(Your objective):
In the entries below, print exactly the lines from the first through the one with "text Het woord is aan mevrouw Kamminga.", both included, and none of the pictures.
------------------------------------------------------------
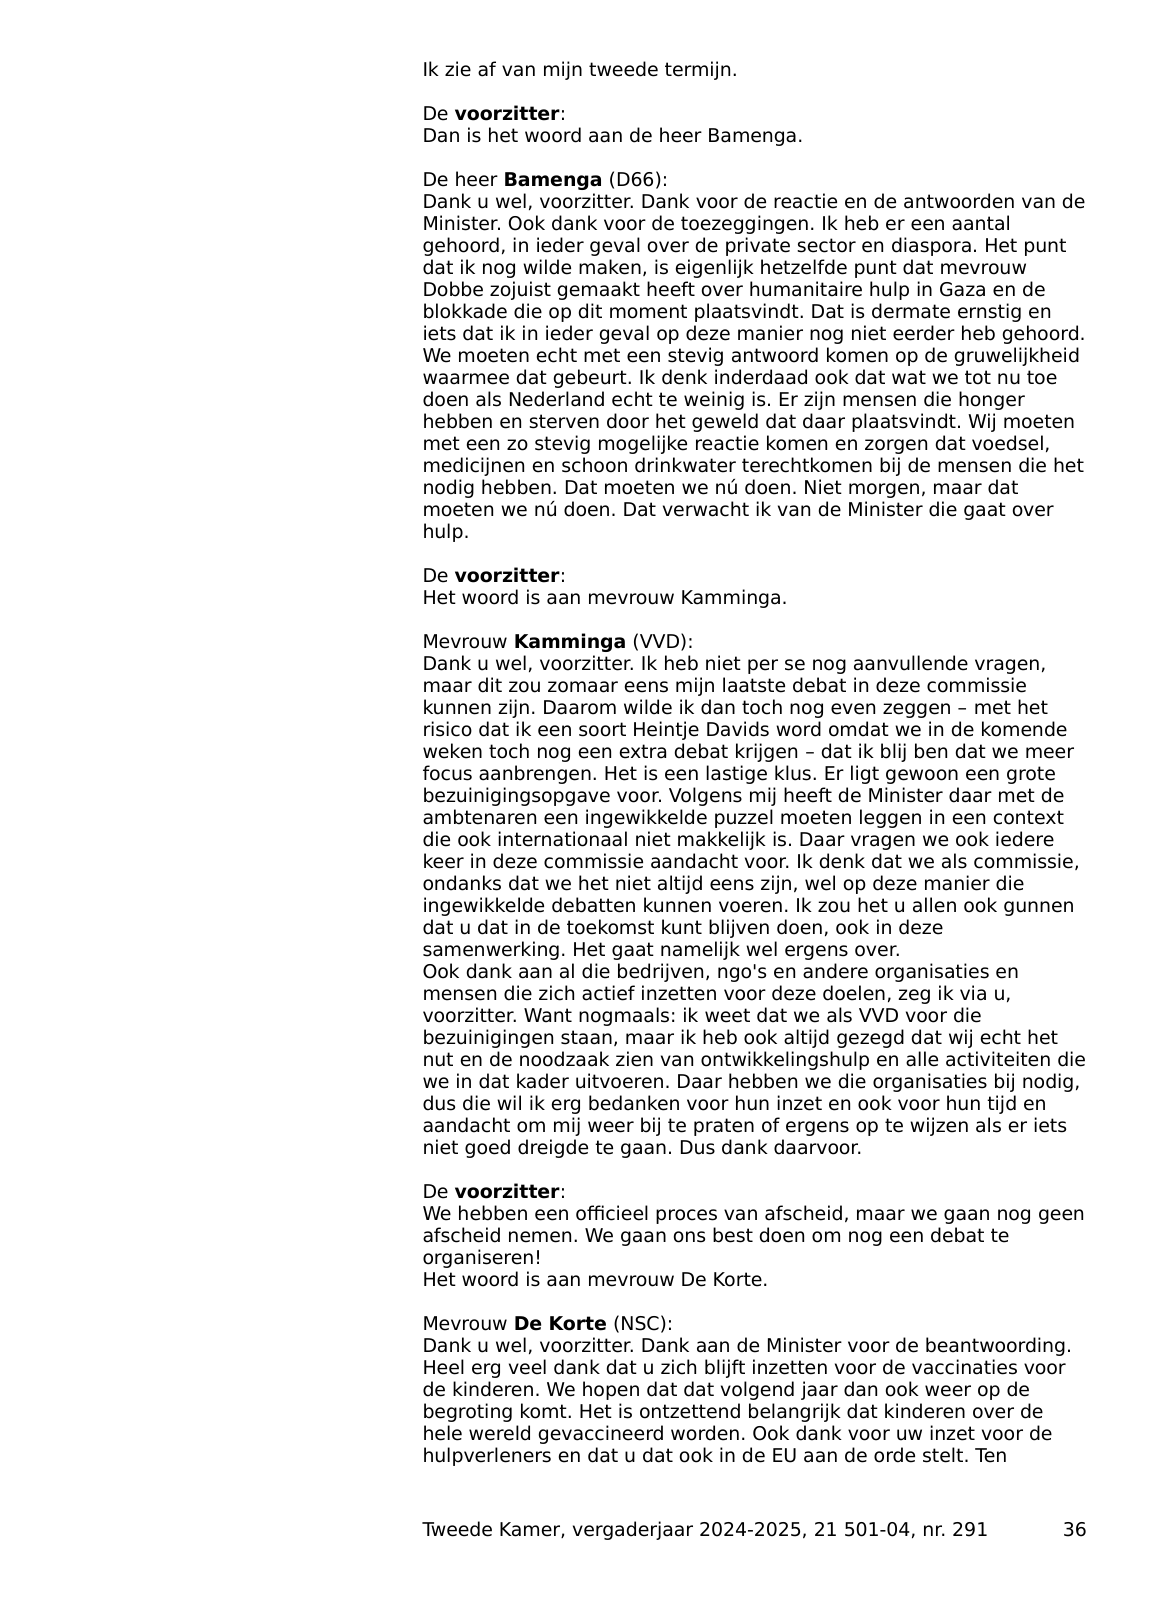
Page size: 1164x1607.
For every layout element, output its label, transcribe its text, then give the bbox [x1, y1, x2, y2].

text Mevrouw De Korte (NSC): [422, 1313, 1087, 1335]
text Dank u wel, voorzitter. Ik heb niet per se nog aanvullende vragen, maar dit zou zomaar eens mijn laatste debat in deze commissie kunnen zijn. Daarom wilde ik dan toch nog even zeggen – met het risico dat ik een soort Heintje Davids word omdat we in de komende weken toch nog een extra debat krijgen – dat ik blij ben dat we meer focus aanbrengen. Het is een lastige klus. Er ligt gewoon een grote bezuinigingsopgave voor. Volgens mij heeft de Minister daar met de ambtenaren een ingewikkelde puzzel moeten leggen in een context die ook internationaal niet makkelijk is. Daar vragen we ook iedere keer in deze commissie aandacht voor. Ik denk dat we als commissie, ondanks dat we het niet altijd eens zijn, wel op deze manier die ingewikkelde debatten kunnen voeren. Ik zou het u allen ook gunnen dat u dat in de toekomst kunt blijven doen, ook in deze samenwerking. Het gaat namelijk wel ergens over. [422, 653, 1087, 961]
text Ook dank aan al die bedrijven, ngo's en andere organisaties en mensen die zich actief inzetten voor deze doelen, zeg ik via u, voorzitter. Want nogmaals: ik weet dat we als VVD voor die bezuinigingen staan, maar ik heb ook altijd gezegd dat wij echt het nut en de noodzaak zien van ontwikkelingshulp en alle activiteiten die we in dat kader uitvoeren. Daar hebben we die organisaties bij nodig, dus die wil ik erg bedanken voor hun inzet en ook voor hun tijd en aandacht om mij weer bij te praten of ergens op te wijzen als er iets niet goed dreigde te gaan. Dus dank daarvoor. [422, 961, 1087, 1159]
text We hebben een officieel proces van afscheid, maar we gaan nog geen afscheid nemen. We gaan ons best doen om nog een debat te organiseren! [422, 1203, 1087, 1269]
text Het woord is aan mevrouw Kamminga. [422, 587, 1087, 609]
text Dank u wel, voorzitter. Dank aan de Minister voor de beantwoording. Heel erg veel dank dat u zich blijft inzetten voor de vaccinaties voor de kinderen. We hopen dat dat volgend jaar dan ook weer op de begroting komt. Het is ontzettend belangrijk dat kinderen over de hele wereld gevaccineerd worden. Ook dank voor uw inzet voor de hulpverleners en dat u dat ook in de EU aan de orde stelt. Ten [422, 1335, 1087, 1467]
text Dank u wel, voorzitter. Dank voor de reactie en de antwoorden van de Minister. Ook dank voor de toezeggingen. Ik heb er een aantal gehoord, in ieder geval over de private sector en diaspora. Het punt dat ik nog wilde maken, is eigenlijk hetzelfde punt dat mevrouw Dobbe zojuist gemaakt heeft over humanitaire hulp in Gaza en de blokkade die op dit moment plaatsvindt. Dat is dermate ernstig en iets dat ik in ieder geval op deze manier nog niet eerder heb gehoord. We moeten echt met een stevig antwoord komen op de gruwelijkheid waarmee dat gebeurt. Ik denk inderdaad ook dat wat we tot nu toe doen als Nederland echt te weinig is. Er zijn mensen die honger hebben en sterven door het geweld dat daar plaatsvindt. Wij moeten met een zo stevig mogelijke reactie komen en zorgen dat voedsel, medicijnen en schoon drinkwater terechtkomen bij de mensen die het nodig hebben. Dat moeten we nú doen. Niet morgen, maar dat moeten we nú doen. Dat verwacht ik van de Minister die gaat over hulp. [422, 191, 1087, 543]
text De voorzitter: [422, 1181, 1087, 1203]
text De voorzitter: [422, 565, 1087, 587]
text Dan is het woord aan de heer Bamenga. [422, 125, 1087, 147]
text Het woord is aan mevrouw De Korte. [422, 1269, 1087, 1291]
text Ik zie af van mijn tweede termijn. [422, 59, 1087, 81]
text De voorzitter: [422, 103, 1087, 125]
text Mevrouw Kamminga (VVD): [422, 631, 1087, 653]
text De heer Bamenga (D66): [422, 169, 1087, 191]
------------------------------------------------------------
(Response to the exercise):
Page size: 1164x1607.
For every layout element, output its label, transcribe its text, then give the bbox [x1, y1, x2, y2].

text Mevrouw De Korte (NSC): [422, 1313, 1087, 1335]
text Dank u wel, voorzitter. Ik heb niet per se nog aanvullende vragen, maar dit zou zomaar eens mijn laatste debat in deze commissie kunnen zijn. Daarom wilde ik dan toch nog even zeggen – met het risico dat ik een soort Heintje Davids word omdat we in de komende weken toch nog een extra debat krijgen – dat ik blij ben dat we meer focus aanbrengen. Het is een lastige klus. Er ligt gewoon een grote bezuinigingsopgave voor. Volgens mij heeft de Minister daar met de ambtenaren een ingewikkelde puzzel moeten leggen in een context die ook internationaal niet makkelijk is. Daar vragen we ook iedere keer in deze commissie aandacht voor. Ik denk dat we als commissie, ondanks dat we het niet altijd eens zijn, wel op deze manier die ingewikkelde debatten kunnen voeren. Ik zou het u allen ook gunnen dat u dat in de toekomst kunt blijven doen, ook in deze samenwerking. Het gaat namelijk wel ergens over. [422, 653, 1087, 961]
text Ook dank aan al die bedrijven, ngo's en andere organisaties en mensen die zich actief inzetten voor deze doelen, zeg ik via u, voorzitter. Want nogmaals: ik weet dat we als VVD voor die bezuinigingen staan, maar ik heb ook altijd gezegd dat wij echt het nut en de noodzaak zien van ontwikkelingshulp en alle activiteiten die we in dat kader uitvoeren. Daar hebben we die organisaties bij nodig, dus die wil ik erg bedanken voor hun inzet en ook voor hun tijd en aandacht om mij weer bij te praten of ergens op te wijzen als er iets niet goed dreigde te gaan. Dus dank daarvoor. [422, 961, 1087, 1159]
text We hebben een officieel proces van afscheid, maar we gaan nog geen afscheid nemen. We gaan ons best doen om nog een debat te organiseren! [422, 1203, 1087, 1269]
text Het woord is aan mevrouw Kamminga. [422, 587, 1087, 609]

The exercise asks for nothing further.